Just goes to show how eclectic and educational this forum is.

Barrel sizes for the Tempest were 5.6mm. I haven't fired any weapons, air or other for over 25 years and i wonder what the difference in mv would be between the 5.5 and 5.6, a fair bit I would think.


----------



## johnbaz (Jan 30, 2005)

Mick B said:


> Just goes to show how eclectic and educational this forum is.
> 
> Barrel sizes for the Tempest were 5.6mm. I haven't fired any weapons, air or other for over 25 years and i wonder what the difference in mv would be between the 5.5 and 5.6, a fair bit I would think.


Hi Mick

I tried putting one of those tins of Wasps in my Tempest box and it was too large but an old tin of Webley pellets fits perfectly!! :blink:










Cheers, John


----------



## johnbaz (Jan 30, 2005)

William_Wilson said:


> mel said:
> 
> 
> > Just shows you, I read the title and thought - -
> ...


Ha ha ha!! I have a tennis racquet thingy that takes batteries for flying pests!! It literally cooks them!! :thumbup: I won't go near wasps of Hornets with it though!! I use my Sharps Ace for that fully pumped but with no pellet in!!

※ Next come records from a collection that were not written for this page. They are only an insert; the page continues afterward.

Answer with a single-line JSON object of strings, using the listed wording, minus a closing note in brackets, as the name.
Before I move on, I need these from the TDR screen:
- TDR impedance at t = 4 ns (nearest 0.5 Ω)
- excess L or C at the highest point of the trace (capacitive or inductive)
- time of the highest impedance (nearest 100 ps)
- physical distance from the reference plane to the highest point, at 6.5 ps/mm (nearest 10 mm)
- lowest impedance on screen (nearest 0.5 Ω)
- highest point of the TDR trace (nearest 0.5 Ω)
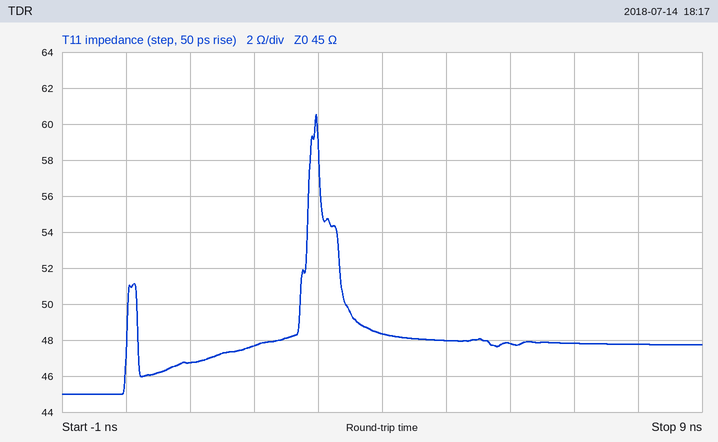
{"TDR impedance at t = 4 ns": "48.5 Ω", "excess L or C at the highest point of the trace": "inductive", "time of the highest impedance": "3.0 ns", "physical distance from the reference plane to the highest point, at 6.5 ps/mm": "230 mm", "lowest impedance on screen": "45.0 Ω", "highest point of the TDR trace": "60.5 Ω"}
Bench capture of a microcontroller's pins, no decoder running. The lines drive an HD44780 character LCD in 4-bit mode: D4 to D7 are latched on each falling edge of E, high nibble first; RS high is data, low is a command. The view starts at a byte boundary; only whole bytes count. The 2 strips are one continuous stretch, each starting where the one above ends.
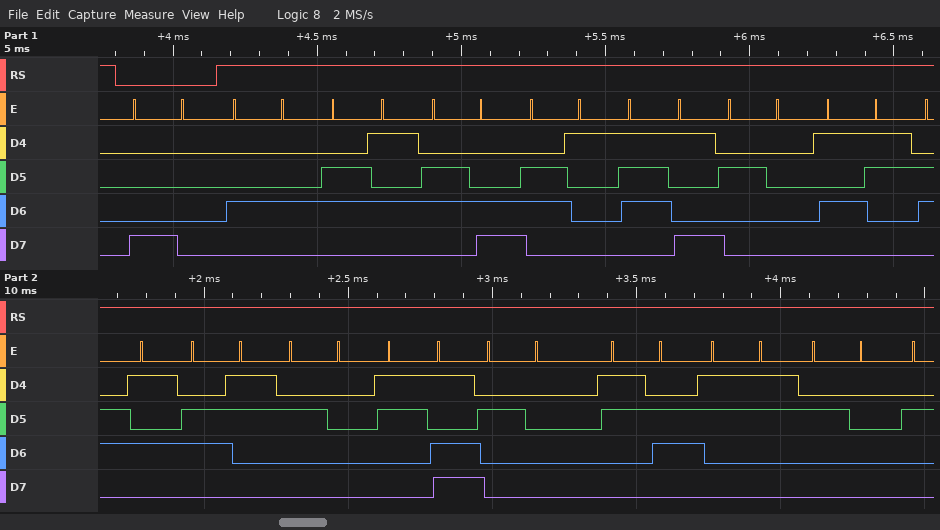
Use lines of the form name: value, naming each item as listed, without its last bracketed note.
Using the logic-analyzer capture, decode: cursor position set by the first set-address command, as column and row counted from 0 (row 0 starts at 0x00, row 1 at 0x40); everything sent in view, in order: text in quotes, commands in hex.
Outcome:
cursor position set by the first set-address command, as column and row counted from 0: column 0, row 0
everything sent in view, in order: text in quotes, commands in hex: 0x80 "Delay Sec = 63 "
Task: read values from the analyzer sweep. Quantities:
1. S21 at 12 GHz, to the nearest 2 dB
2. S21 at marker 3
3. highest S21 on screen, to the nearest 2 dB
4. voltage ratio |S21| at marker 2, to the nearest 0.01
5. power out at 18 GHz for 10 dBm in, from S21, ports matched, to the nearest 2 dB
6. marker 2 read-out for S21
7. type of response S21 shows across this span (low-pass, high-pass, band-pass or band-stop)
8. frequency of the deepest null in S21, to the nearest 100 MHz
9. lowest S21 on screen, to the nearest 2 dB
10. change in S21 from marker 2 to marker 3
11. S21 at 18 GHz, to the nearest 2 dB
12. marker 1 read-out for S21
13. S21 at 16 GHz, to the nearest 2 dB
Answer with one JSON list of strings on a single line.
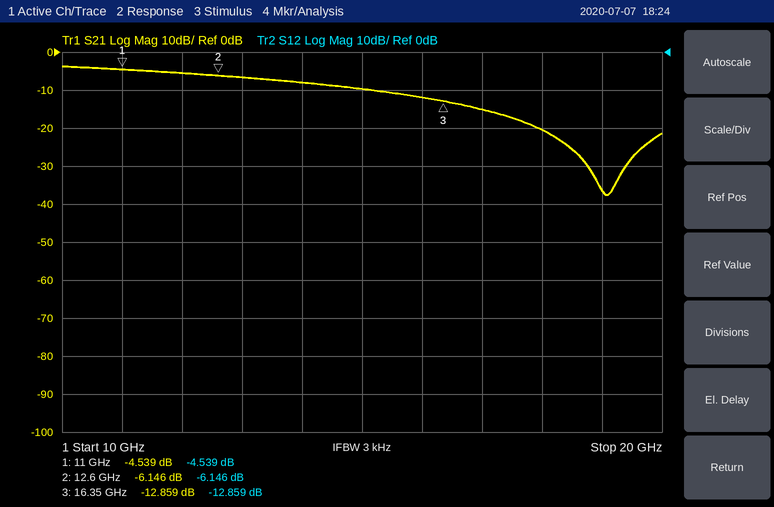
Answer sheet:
["-6 dB", "-12.859 dB", "-4 dB", "0.49", "-10 dBm", "-6.146 dB", "low-pass", "19.1 GHz", "-38 dB", "-6.713 dB", "-20 dB", "-4.539 dB", "-12 dB"]
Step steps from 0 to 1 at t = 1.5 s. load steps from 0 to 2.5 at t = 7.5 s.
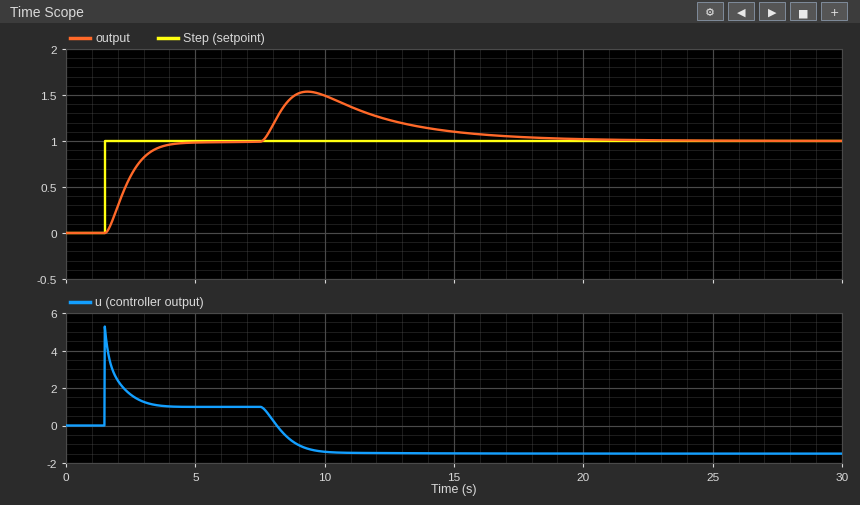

The blast of air spreads the 'orrid yeller so and so's over a large area!! :yes:

This is my Japanese wasp/Hornet destroyer!! :yahoo:










John


----------



## Mick B (Oct 21, 2013)

John what is the metric barrel size stamped on your Tempest? And can I ask, please don't whet my appetite to start another collection.


----------



## johnbaz (Jan 30, 2005)

Mick B said:


> John what is the metric barrel size stamped on your Tempest? And can I ask, please don't whet my appetite to start another collection.


It says 5.6mm which is true .22" I believe (or as close as makes any difference!!)

Cheers, John


----------